GINKGOALES Gorozh. - Main Tree.

Just the one family, 1 genus, 1 species.

Note: In all node characterizations, boldface denotes a possible apomorphy, (....) denotes a feature the exact status of which in the clade is uncertain, [....] includes explanatory material; other text lists features found pretty much throughout the clade. Note that the precise node to which many characters, particularly the more cryptic ones, should be assigned is unclear. This is partly because homoplasy is very common, in addition, basic information for all too many characters is very incomplete, frequently coming from taxa well embedded in the clade of interest and so making the position of any putative apomorphy uncertain. Then there are the not-so-trivial issues of how character states are delimited and ancestral states are reconstructed (see above).

seed plants in general.

Synonymy: Ginkgoidae Engler - Ginkgoopsida Engler - Ginkgoophytina Reveal - Ginkgoophyta Bessey

GINKGOACEAE Engler - Ginkgo biloba L.  -  Back to Ginkgoales


Tree, branched, deciduous, with lignotubers; VAM present; biflavones, non-hydrolysable tannins, ability to synthesize S-type lignins; root cortical cell walls with phi [φ] thickenings, ?root hairs; resin canals +; reaction wood on lower side of stem; wood pycnoxylic; torus/margo pits + [tracheid side walls], pits bordered; phloem with scattered fibres; cork cambium subhypodermal; nodes 1:2; sclereids +; stomata perigenous and mesoperigenous, ± stephanocytic s. str., Florin rings ?0; long and short shoots alternating along the axis, short shoots also axillary, bearing sporophores/strobili, wood manoxylic; all leaves with axillary buds; lamina margin lobed, venation dichotomising, open; plant dioecious; microsporangiophore/filament with terminal microsporangia; microsporangia 2/microsporophyll, pendulous, dehiscing by the action of the hypodermis [= endothecium]; pollen exine thin [2³ µm thick], sexine 0 in sulcus; male gametophyte: pollen shed at 4-nucleate stage, germinates in a week or so, 6-nucleate [2 prothallial cells + tube cell + sterile cell + gametes], generative cell delimited by circular anticlinal wall, nucleus lens-shaped, with two lateral globular osmiophilic bodies, tube develops distally, branched, growth haustorial, intracellular, penetrates nucellus, wall with ß-(1,3)(1,4)-glucan, spermatids discharged from swollen proximal part of tube, with plastids, golgi apparatus, ca 1000 cilia; megasporophyll single; ovules 2(-4) together, terminal, unvascularized, integument 12-24 cells across, basal collar +, pollen chamber +; female gametophyte: chlorophyllous; seeds large, 2∠ cm long, platyspermic, fleshy, endotesta/pachychalazal zone alone vascularized; proembryo with 128/256 nuclei in initial phase of free nuclear divisions, plumular leaves differentiated; n = 12, nuclear genome [1 C] ca 12 pg/10.61 Gb, one duplication in the PHYO clade; germination (cotyledons 3).

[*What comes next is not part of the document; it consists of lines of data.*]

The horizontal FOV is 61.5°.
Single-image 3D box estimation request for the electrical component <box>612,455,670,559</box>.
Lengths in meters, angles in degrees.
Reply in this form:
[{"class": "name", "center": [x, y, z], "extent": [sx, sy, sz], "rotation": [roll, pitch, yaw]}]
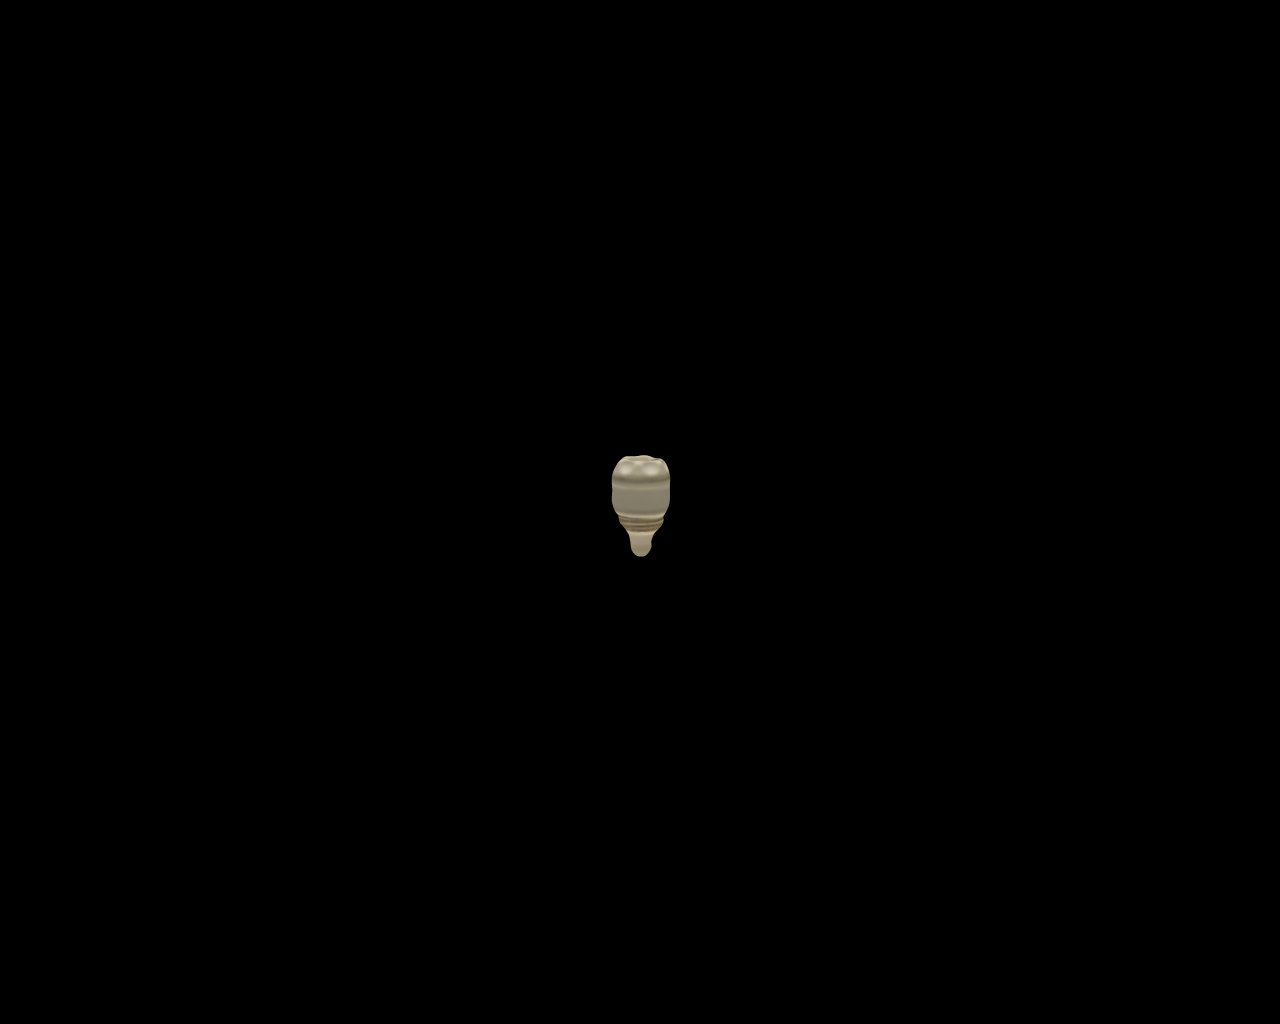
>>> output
[{"class": "electrical component", "center": [0.001, -0.003, 0.650], "extent": [0.035, 0.061, 0.035], "rotation": [0, 11, 0]}]

1/1. Eastern China, ?wild. Photo: Microsporangia, Ovules, and Seeds.

Age. Ginkgo is known from the early Jurassic, while G. biloba itself may be over 100 Ma, dating to the early Cretaceous (as G. adiantoides, see Royer et al. 2003). For the early Caenozoic fossil history of Ginkgo, see Manchester et al. (2009). Tank et al. (2015: Table S2) suggested an age of around 265.2 Ma for Ginkgoaceae.

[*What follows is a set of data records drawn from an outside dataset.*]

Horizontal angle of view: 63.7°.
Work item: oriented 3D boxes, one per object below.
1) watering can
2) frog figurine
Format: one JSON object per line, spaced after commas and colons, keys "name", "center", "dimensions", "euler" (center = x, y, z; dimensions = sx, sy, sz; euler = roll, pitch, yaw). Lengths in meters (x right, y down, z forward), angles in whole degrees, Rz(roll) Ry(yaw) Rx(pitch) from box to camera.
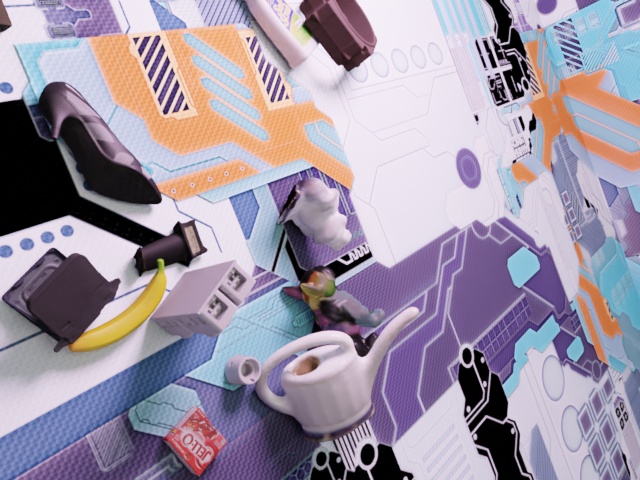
{"name": "watering can", "center": [0.051, 0.267, 1.010], "dimensions": [0.348, 0.221, 0.105], "euler": [-19, 22, -1]}
{"name": "frog figurine", "center": [0.003, -0.056, 1.106], "dimensions": [0.159, 0.135, 0.125], "euler": [25, 34, -13]}

Ginkgoaceae and relatives have a long and rich fossil record dating back to the early Permian, the Cisuralean ca 299-273 Ma (Z.-Y. Zhou 2009; Pott et al. 2016; Herrera et al. 2017a). Ginkgoopsida (see e.g. Meyen 1984 for their circumcription) were almost world-wide in distribution and included several genera in the Mesozoic. They have a possible origin from Palaezoic pteridosperms, perhaps in the Upper Carboniferous (Thomas & Spicer 1987; Zhou 1997). Shi et al. (2016) suggest a connection with the corystosperms, including Unkomasiales, which persisted up to the early Cretaceous and whose ovules/seeds were enclosed in a lobed cupule. The early Cretaceous (125-100 Ma) Ulmaltolepis mongoliensis (see also Vladimaria) had such seeds, and was associated with the very Ginkgo-like foliage of Pseudotorellia, e.g. P. resinosa, with short shoots, leaves with two veins entering at the base of the lamina, dichotomising and alternating with resin canals, and stomata with four accessory cells and a C-shaped flange bordering the guard cells (Herrera et al. 2017a). Platyspermales may also be part of this complex. The morphology of some of these early Ginkgo-like plants is uncertain, and the ovules may have been more numerous, very differently arranged and some at least were inverted (and/or platyspermic). Ginkgo-like leaves are known from the Permian onwards, but Unkomasiales and Peltaspermales may also have compound leaves (see Zhou & Zhang 2003).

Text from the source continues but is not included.